Painted in about 1970, possibly at the time Helen Groger-Wurm was commissioning paintings from Numbulmore, this painting had been lost behind a cupboard in the small room that served as a craft centre at the 'old' Mowanjum community. It was found in 1973 when the centre was moved to a new location in the community. Numbulmore was known to have re-painted Wanjina figures at the rock shelter at Mamadayi and David Mowaljarli believed this figure to represent the same Wanjina. Numbulmore's Wanjina paintings are generally readily identifiable. Those that represent the head and shoulders only are usually solid white figures (invariably derived from the mineral huntite) with details added in red, black and yellow.
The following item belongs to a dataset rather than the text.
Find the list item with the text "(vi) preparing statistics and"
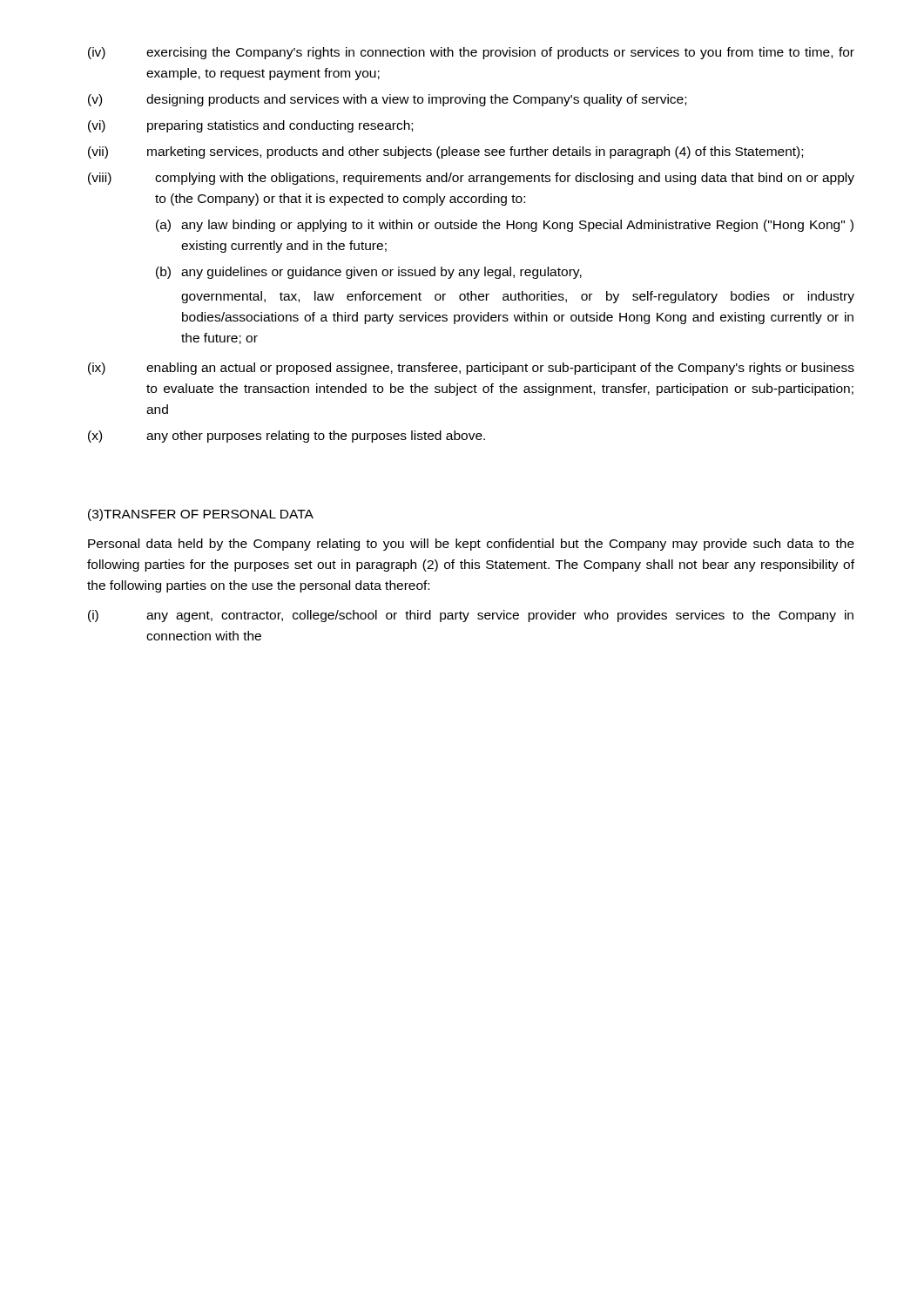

In the centre of the chest a solid (usually black, but occasionally red) oval form is said to depict the sternum, heart or a pearl shell pendant. The almost circular heads are surrounded by a very regular halo that represents a headdress (and hair, clouds and/or lightning). The large, round, black eyes fringed with short, delicate lashes usually occupy a greater proportion of the head in Numbulmore's Wanjinas than in those painted by other artists. Similarly, his Wanjinas have well defined, long narrow parallel-sided noses, flared at the very tip, with the nostrils invariably depicted. In the final creative burst before his death, Numbulmore began to give his Wanjina figures mouths and sometimes bodies, rather than portray only the head and shoulders. Since his death in 1971, just eleven paintings of Wanjina on bark and board by Numbulmore have appeared on the secondary market at auction, and it is significant to note that in only two of these paintings, Wanjina have been depicted without mouths.